In vitro growth and invasion by C4.4A levels. (A) The C4.4A expression study indicated that HCT116 and LoVo cells had higher levels of expression compared to other colorectal cancer cell lines such as Caco2 and DLD1, by RT‐PCR. (B) Knockdown assessment of C4.4A by siRNA in the HCT116 cell line. (B‐1) HCT116 cells were transfected for 24 h with siRNA using Lipofectamine RNAiMAX. Confirmation of reduced C4.4A mRNA levels was made using RT‐PCR. (B‐2) Proliferation assay showed growth of the HCT116 cell line. There were no significant differences between Neg.Cont. (transfection control of scramble sequence) and siRNAs I, II, and III. (B‐3,4) Invasion assay revealed that siRNAs I, II, and III were significantly less invasive than Neg.Cont. (B‐3) Magnification, ×200. Values are the mean ± SD of three independent experiments. (C) C4.4A transfection assessment using a plasmid in the DLD1 cell line. (C‐1) DLD1 cells were transfected for 24 h with plasmid using Lipofectamine 2000. Confirmation of C4.4A mRNA levels was by RT‐PCR. (C‐2) Proliferation assay showed growth of the plasmid‐containing DLD1 cell line. There were no significant differences between empty vector transfection control (Mock) and C4.4A plasmid‐transfected cells (C4.4A). (C‐3) Invasion assay showed that C4.4A‐transfected cells increased invasion compared to Mock cell lines. Magnification, ×200. Values are the mean ± SD of four independent experiments. N.S., not significant; Parental, a control without transfection.

Figure 4

In vitro studies on epithelial–mesenchymal transition of HCT116 colon cancer cells. (A) Morphological changes of HCT116 cells when treated with siRNA II. The cells were transfected for 48 h with C4.4A siRNA II using Lipofectamine RNAiMAX. Control HCT116 cells showed a fibroblast‐like morphology, but after C4.4A inhibition, they adopted an epithelial cell‐like morphology. Representative photographs at a high density culture and at a low density culture are shown.
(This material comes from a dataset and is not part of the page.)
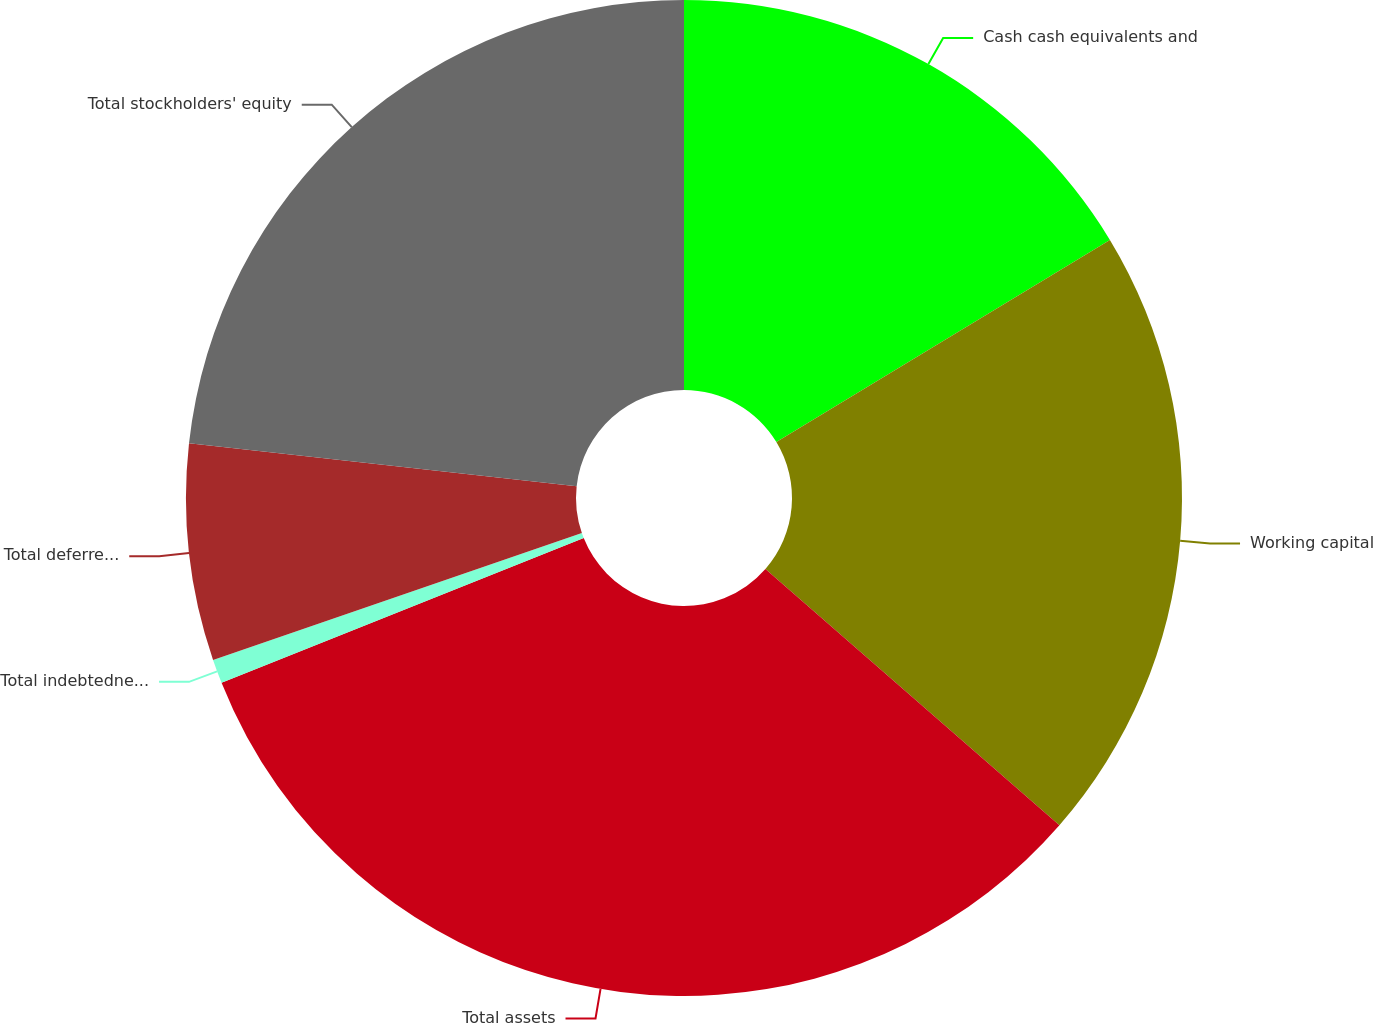<chart> <loc_0><loc_0><loc_500><loc_500><pie_chart><fcel>Cash cash equivalents and<fcel>Working capital<fcel>Total assets<fcel>Total indebtedness (1)<fcel>Total deferred revenue<fcel>Total stockholders' equity<nl><fcel>16.33%<fcel>20.08%<fcel>32.54%<fcel>0.78%<fcel>7.02%<fcel>23.25%<nl></chart>

Magnification, ×100. (B) Cells were collected 24 h after transfection with negative control siRNA or C4.4A siRNA II. Quantitative RT‐PCR showed the mRNA levels of each culture. Values are the mean ± SD of three independent experiments. *Statistical significance. Neg.Cont., transfection control of scramble sequence; siRNA, C4.4A siRNA. (C) C4.4A plasmid and empty vector (pCMV6‐XL5) were introduced into HCT116 cells. Forty‐eight hours after transfection, cells were collected and subjected to RT‐PCR assays. Values are the mean ± SD of three independent experiments. C4.4A, C4.4A plasmid‐transfected cells; Mock, empty vector transfection control.

Figure 5

Immunohistochemistry for C4.4A, E‐cadherin and β‐catenin in clinical CRC samples. Both the superficial portion (A,C,E) and the invasive front (B,D,F) of the cancer body are shown. At the invasive front, the C4.4A protein was translocated onto the plasma membrane (A), E‐cadherin expression was largely reduced (D), and nuclear β‐catenin increased with cytoplasmic accumulation (F). Magnification, ×100.